High above them, the mile-wide rift had shrunk to the size of three wide tree trunks bound into a trefoil. The flames hissed and sizzled fighting against the invisible logs, slowly but surely burning through them.
Magmin knew the invisible cords connecting the outer gods to their avatars stood there, and knew that once they severed them, they would be rid of the greatest danger. Until the otherworldly abominations arrived, they needed to handle the enemy exalts flying straight for Newt.
“Stop them!” Magmin roared, and flew to meet them, as did the rest of the forces they had. Whatever happened, they couldn’t reach Newt and disturb him before his work was done.
***
Greenthorn was cursing his luck. He could have been born during the tenth or eleventh cycle, grown powerful and fought in the conflict like a man, not like a scuttler and one of the weakest exalts on the battlefield.
The cultists and imperials had obviously culled those at his level from their ranks, and with the outer gods zipping towards them, he couldn’t expect mercy.

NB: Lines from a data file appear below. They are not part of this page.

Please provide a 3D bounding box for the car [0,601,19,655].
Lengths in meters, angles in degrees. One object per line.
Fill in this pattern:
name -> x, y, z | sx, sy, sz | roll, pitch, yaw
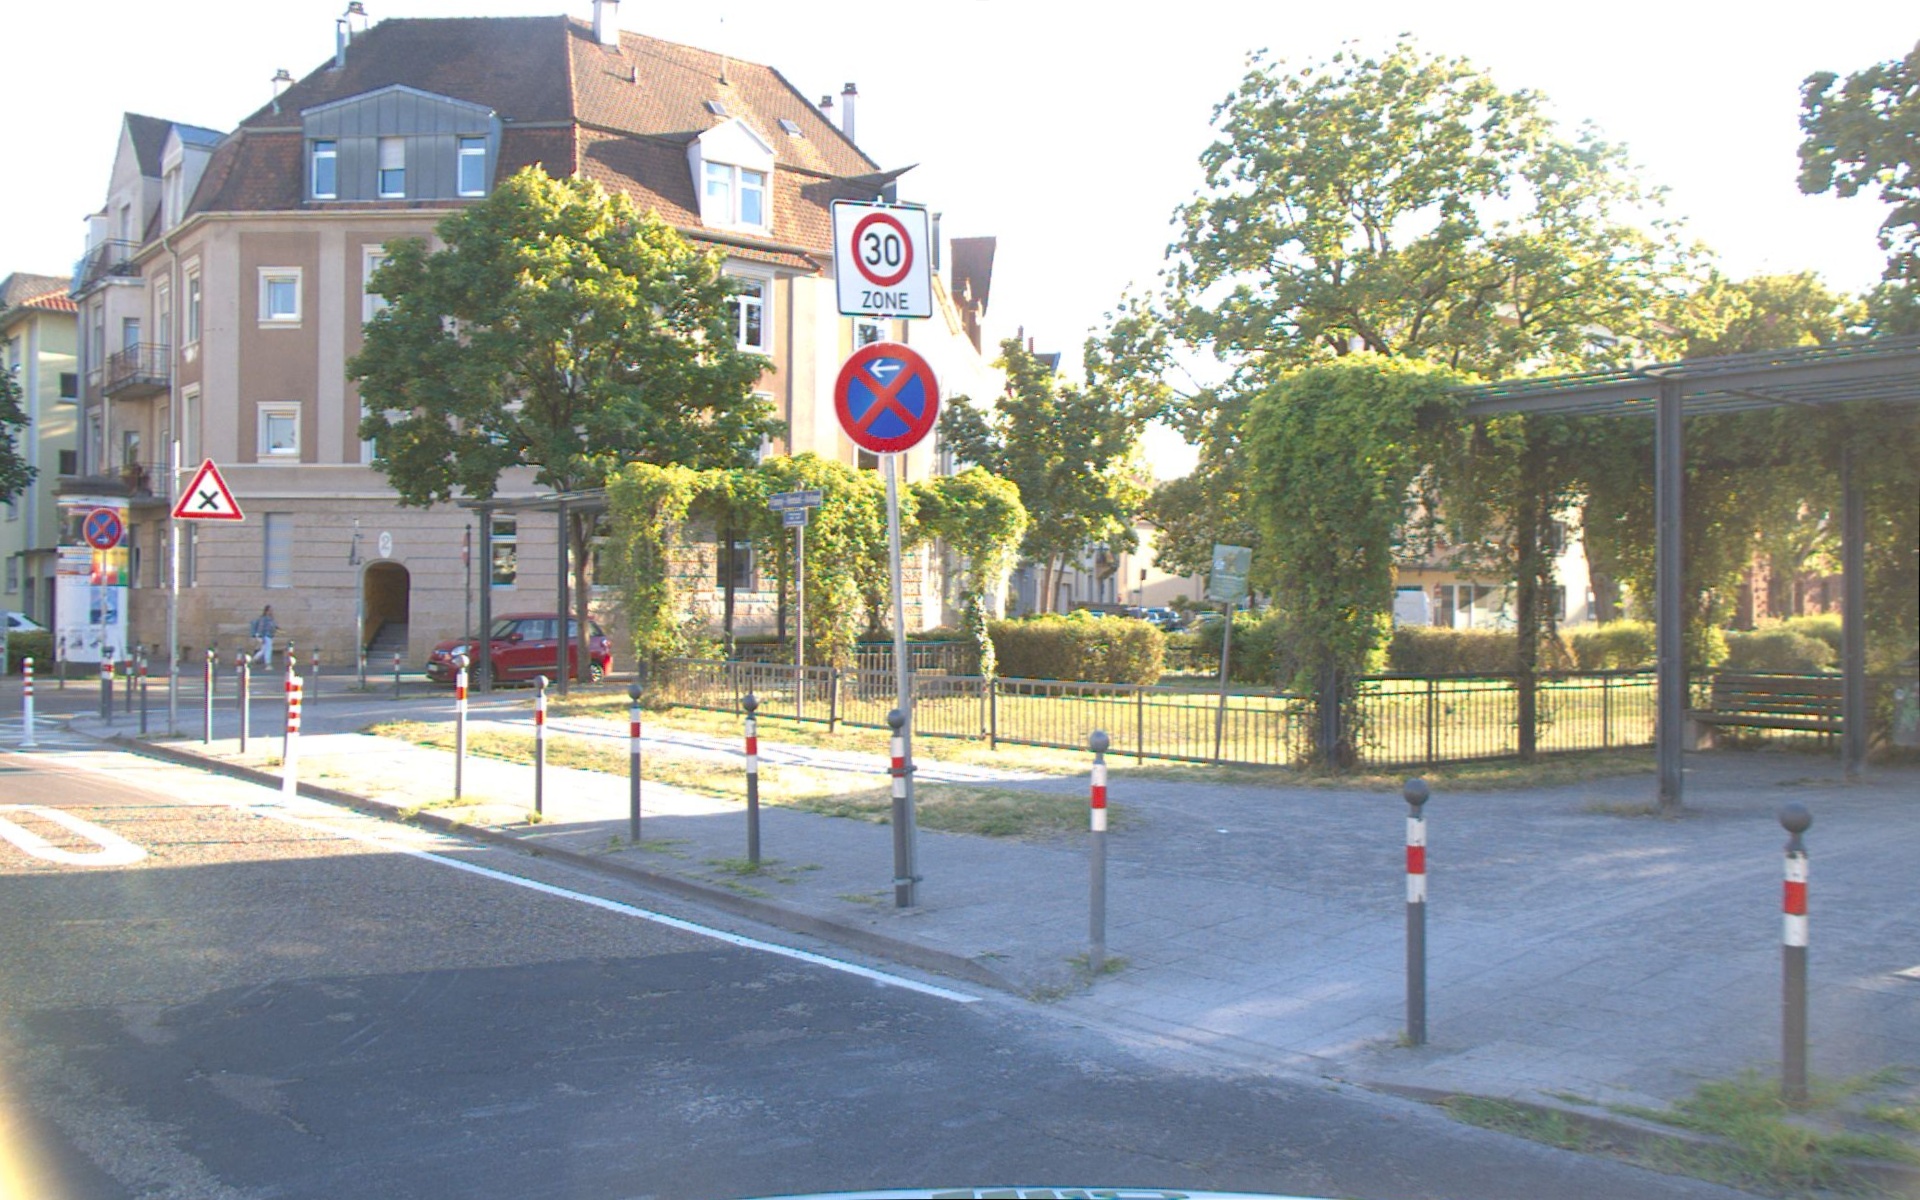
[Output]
car -> -32.150, 0.892, 51.721 | 4.500, 1.669, 1.846 | 0, 0, -41

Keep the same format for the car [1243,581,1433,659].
car -> 13.926, 0.716, 60.970 | 6.531, 2.793, 2.317 | 0, -1, 22

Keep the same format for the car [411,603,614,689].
car -> -10.064, 0.997, 37.291 | 4.046, 1.771, 1.787 | 1, 1, -38

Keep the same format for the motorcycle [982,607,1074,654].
motorcycle -> 2.224, 1.029, 54.618 | 3.170, 1.513, 0.849 | -1, -2, 40

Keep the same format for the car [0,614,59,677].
car -> -24.854, 1.135, 41.148 | 4.025, 1.532, 1.834 | 0, 0, -41

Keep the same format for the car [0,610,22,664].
car -> -27.905, 1.045, 44.827 | 4.119, 1.473, 1.648 | -1, 0, -41

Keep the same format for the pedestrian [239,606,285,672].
pedestrian -> -17.238, 0.954, 40.855 | 0.803, 1.571, 0.741 | 3, 1, -7

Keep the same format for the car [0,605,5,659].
car -> -29.709, 0.937, 46.663 | 1.921, 1.552, 4.460 | 1, 2, 44

The Thundertitan he had fought before flew straight at him, the calculating coldness of his gaze gone, replaced by the insane cruelty of someone who knew that whatever stood before him, a greater terror lurked behind, all too happy to devour him for his betrayal.
“Die!” the Thundertitan bellowed, swinging his staff.

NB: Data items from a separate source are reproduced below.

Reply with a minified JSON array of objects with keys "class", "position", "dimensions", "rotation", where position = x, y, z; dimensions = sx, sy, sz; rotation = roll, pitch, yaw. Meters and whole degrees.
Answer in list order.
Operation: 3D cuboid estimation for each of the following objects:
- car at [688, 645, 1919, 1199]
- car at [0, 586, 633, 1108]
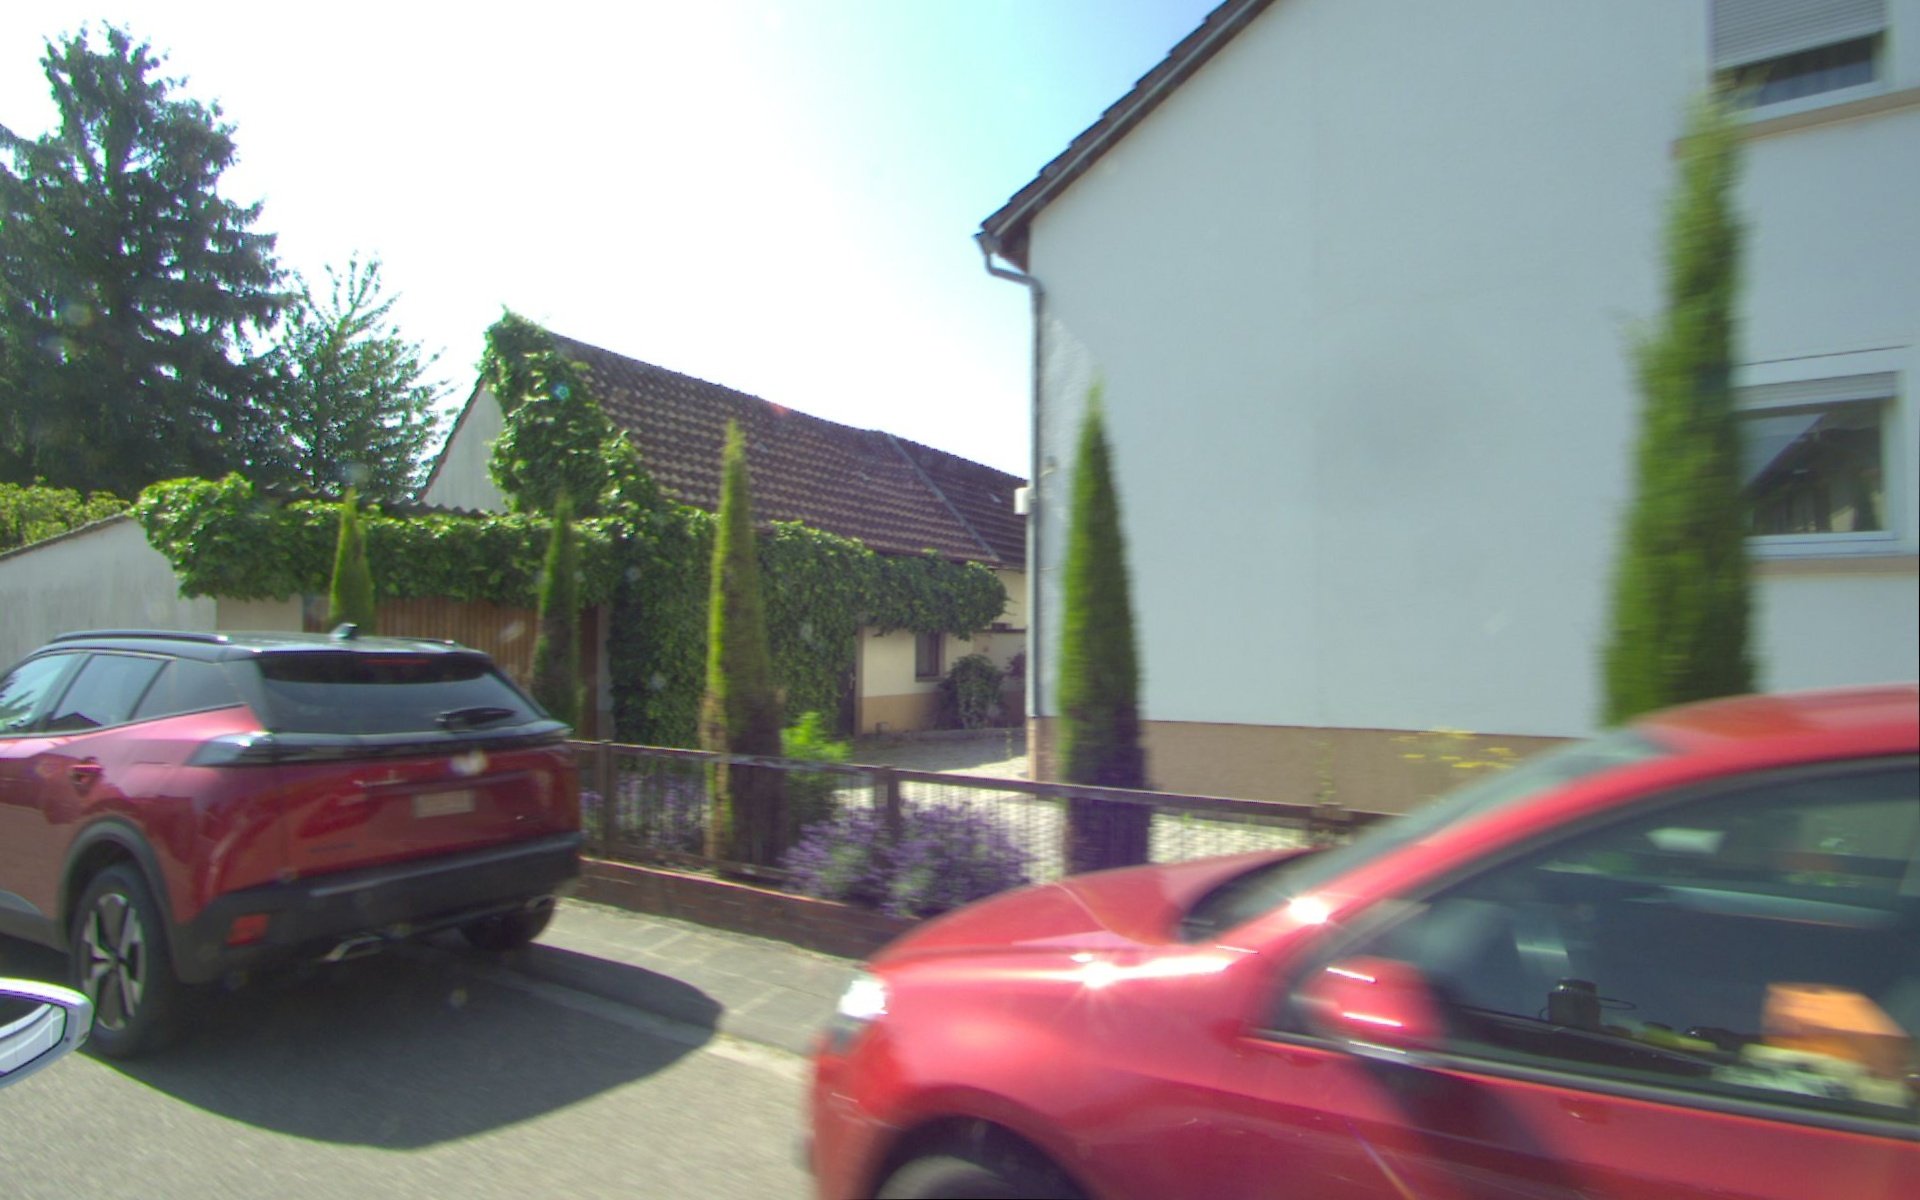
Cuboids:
[{"class":"car","position":[1.543,0.858,1.689],"dimensions":[3.947,1.497,1.772],"rotation":[-2,-4,36]},{"class":"car","position":[-3.720,0.856,4.934],"dimensions":[3.940,1.635,1.822],"rotation":[-1,-3,30]}]

Greenthorn evaded the simple, near-mindless attack. While powerful, it lacked finesse. The Thundertitan swung again and again, driving Greenthorn back, then, instead of attacking Greenthorn, he shot towards Newstar instead.
He wasn’t the only one, six more had pushed their opponents far enough to create an opening and fly at Newstar when a wave of golden fire engulfed them. The exalts flew back, and Newstar’s dragon stood between them and his master.

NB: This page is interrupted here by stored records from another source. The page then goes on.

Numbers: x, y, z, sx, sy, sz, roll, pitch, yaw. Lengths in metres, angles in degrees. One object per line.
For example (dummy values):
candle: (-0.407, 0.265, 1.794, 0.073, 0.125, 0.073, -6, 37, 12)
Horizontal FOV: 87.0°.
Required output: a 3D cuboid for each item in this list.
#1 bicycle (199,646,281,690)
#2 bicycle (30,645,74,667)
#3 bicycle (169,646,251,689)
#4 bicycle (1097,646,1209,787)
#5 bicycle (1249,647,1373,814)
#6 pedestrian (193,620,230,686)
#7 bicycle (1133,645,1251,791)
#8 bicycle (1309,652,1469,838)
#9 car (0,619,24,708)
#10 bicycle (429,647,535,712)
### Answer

Greenthorn and others used the chance and flew at them, paradoxically, facing towards Newstar and the dragon while the exalts that wanted to attack Newstar had their backs turned to him.
The dragon was about to attack and start clearing the enemies, when a man in golden robes flew straight at it.
The former emperor blazed with an aura no less overwhelming than the dragon’s. The two clashed, but Greenthorn had his own enemy to watch out for. The Thundertitan was more powerful than Greenthorn, that much was true, but the difference wasn’t like between Newstar and the ones he fought. Yes, the Thundertitan pressed him and pushed him back, but that was all he could do.
Without exposing himself to a potentially lethal counterattack, he would have to slowly exhaust Greenthorn, and that would take hours or days, giving Newstar more than enough time to seal the rift.
***
The Flameax-Alabaster family fought as one unit. They were at the seventh realm, the weakest of the combatants present, but the fact that there were five of them and that they fought conservatively meant they could survive even against the eighth realm cultist attacking them.
Lord Flameax and Lady Alabaster were past their prime, looking like they were in their sixties. They still had plenty of power, and their experience made them more powerful than their children, but their twilight years were near.
Lady Alabaster didn’t worry about that. If they survived the battle, she would laugh every day of those twilight years. So far, the cultist they were fighting failed to find any openings, the Cult of Flesh the easiest combatant for them to fight.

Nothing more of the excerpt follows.